Here is an example of a ini file that can be parsed by parse_ini_file [docs]
[db]
host = localhost
user = root
pass = password
database = test
As you can see the format of the file is very similar to the php.ini file.
Keep this db.ini file in a place that is not accessible by the web server but can be read by PHP.
Here is a function that can utilize the data in the ini file and create a new mysqli object for you.
// somefile.php
function new_db() {
$info = parse_ini_file('db.ini', true);
return new mysqli($info['db']['host'],
$info['db']['user'],
$info['db']['pass'],
$info['db']['database']);
}
To use your new_db function.
require_once 'somefile.php';
$db = new_db();
$stmt = $db->prepare($query);
// ...
If I understand correctly, you want to use the values defined in config.php. If so, this is all you need to do:
config.php
define(DB_HOST, 'localhost');
define(DB_USER, 'root');
define(DB_PASS, 'hynes21');
define(DB_NAME, 'test');
php file from where config.php is included
Option 1:
$db_host = DB_HOST;
$db_user = DB_USER;
$db_pass = DB_PASS;
$db_name = DB_NAME;
$db = new mysqli($db_host, $db_user, $db_pass, $db_name);
Option 2:
$db = new mysqli(DB_HOST, DB_USER, DB_PASS, DB_NAME);
And yeah, a heap of ppl will tell you to use PDO instead of mysqli.
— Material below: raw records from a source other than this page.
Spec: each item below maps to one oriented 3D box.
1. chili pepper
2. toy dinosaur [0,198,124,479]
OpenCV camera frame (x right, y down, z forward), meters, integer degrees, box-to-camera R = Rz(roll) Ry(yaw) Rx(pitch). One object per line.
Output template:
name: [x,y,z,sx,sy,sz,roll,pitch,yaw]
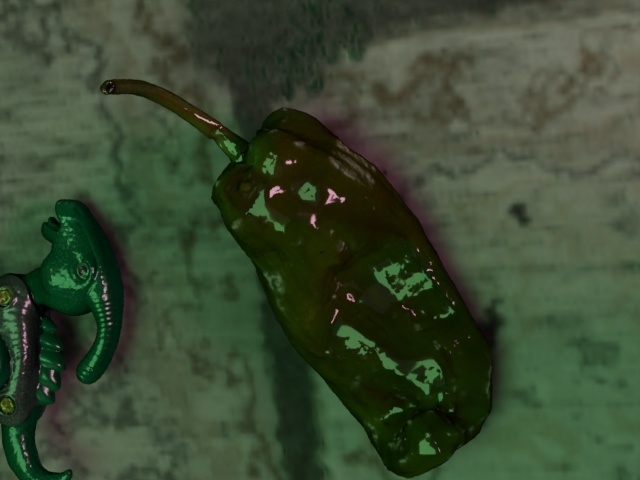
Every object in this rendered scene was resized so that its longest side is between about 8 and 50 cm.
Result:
chili pepper: [0.002,-0.001,0.728,0.072,0.073,0.204,-33,96,8]
toy dinosaur: [-0.134,0.049,0.809,0.096,0.059,0.132,-4,89,20]
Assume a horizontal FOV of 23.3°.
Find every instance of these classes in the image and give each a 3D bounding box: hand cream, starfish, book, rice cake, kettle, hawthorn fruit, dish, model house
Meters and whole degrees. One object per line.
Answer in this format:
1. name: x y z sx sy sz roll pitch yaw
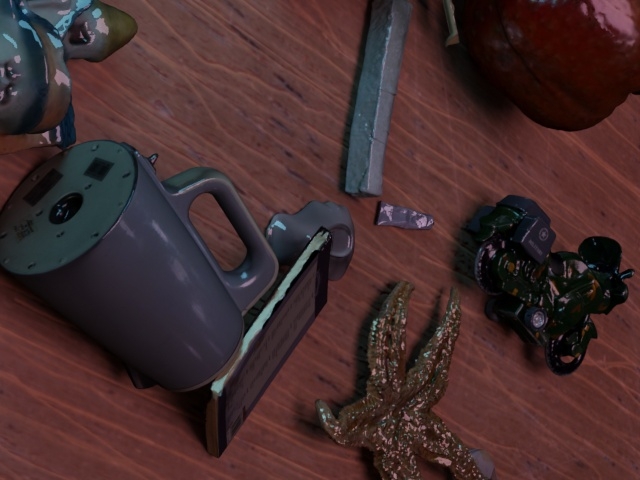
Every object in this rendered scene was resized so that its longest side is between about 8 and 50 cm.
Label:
1. hand cream: 0.101 -0.026 1.871 0.093 0.019 0.030 10 86 -37
2. starfish: 0.108 0.211 1.853 0.299 0.060 0.302 -37 111 -44
3. book: -0.056 0.108 1.655 0.231 0.026 0.157 -55 166 -27
4. rice cake: 0.066 -0.171 1.810 0.045 0.042 0.245 20 78 -55
5. kettle: -0.162 0.017 1.512 0.210 0.160 0.243 -49 132 -10
6. hawthorn fruit: 0.301 -0.264 1.909 0.261 0.258 0.258 11 83 -17
7. dish: 0.000 0.000 1.752 0.137 0.039 0.091 3 89 -46
8. model house: -0.262 -0.184 1.390 0.325 0.194 0.267 -16 102 -47

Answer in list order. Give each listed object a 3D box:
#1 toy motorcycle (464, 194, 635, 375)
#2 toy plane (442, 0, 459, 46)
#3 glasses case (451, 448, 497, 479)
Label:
1. toy motorcycle: 0.296 0.040 1.993 0.275 0.124 0.187 45 71 -36
2. toy plane: 0.135 -0.354 1.773 0.256 0.104 0.242 86 -2 -64
3. glasses case: 0.198 0.344 1.958 0.063 0.041 0.164 -14 101 -43
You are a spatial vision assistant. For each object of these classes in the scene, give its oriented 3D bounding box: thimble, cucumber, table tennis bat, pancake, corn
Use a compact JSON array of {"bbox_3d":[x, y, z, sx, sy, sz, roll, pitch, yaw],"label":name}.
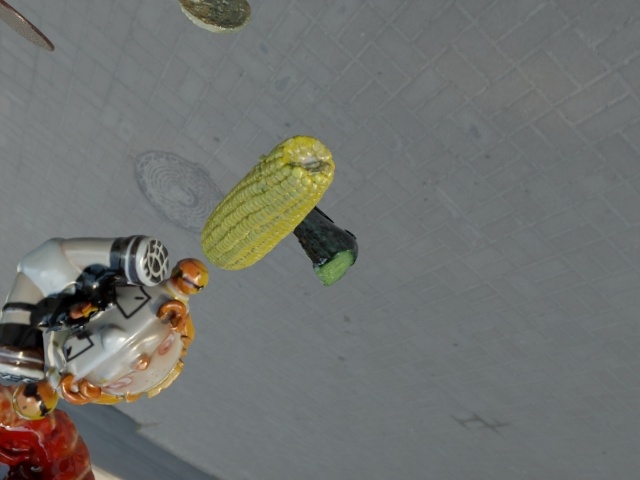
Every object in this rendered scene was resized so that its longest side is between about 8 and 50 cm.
[{"bbox_3d":[-0.556,0.421,0.779,0.350,0.350,0.230,40,102,-14],"label":"thimble"},{"bbox_3d":[0.000,0.000,0.783,0.193,0.085,0.115,46,172,48],"label":"cucumber"},{"bbox_3d":[-0.577,-0.409,0.886,0.274,0.021,0.154,29,171,31],"label":"table tennis bat"},{"bbox_3d":[-0.205,-0.463,0.980,0.151,0.152,0.025,30,143,-1],"label":"pancake"},{"bbox_3d":[-0.056,-0.026,0.453,0.067,0.067,0.206,38,143,-11],"label":"corn"}]

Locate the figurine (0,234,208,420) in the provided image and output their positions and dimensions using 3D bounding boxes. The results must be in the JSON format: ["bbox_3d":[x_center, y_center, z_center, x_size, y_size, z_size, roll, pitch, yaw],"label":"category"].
[{"bbox_3d":[-0.315,0.129,0.754,0.196,0.320,0.323,42,160,27],"label":"figurine"}]
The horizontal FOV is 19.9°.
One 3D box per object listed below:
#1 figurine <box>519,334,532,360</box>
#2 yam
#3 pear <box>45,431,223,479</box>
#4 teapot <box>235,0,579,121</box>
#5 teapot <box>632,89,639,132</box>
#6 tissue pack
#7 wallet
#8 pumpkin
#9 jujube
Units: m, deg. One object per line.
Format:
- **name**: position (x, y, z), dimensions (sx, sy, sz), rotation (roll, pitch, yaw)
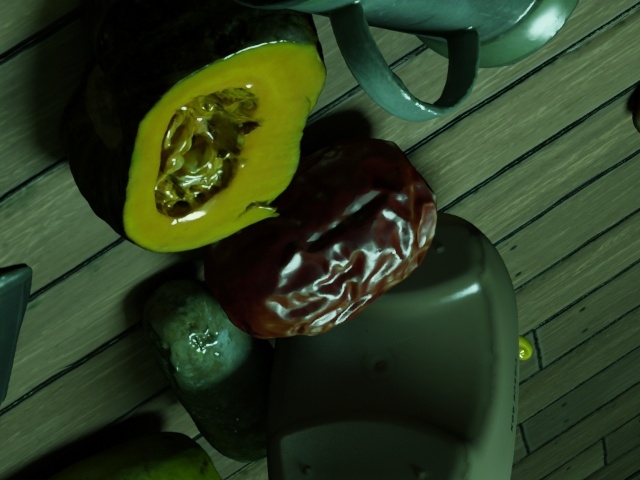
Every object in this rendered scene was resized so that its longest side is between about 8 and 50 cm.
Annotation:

Indeed you should, but that's doesn't give you an answer to your question :)
Let's say in your config.php file you have this:
$dbHost = 'localhost';
$dbUser = 'root';
$dbPass = 'hynes21';
$dbName = 'test';
Then in your code above you would replace this line:
$db = new mysqli("localhost", "root", "hynes21", "test");
with this:
$db = new mysqli($dbHost, $dbUser, $dbPass, $dbName);
and the rest of your code should just work, thanks to variable scoping.
You could also put the db connection in the config.php file as well, which would allow you to destroy the stored connection info variables so they wouldn't be hanging around anywhere for accidental output:
$dbHost = 'localhost';
$dbUser = 'root';
$dbPass = 'hynes21';
$dbName = 'test';
$db = new mysqli($dbHost, $dbUser, $dbPass, $dbName);
unset($dbHost);
unset($dbUser);
unset($dbPass);
unset($dbName);
This would mean every page load would have the overhead of calling mysqli(), even if that page didn't use the database. But if you have a data driven site then virtually every page will want to call mysqli() anyway so that's not such a big deal.
Later on you may want to look in to using a database wrapper so you don't have to store your DB connection in a locally scoped variable, but this approach will work just fine for simple applications.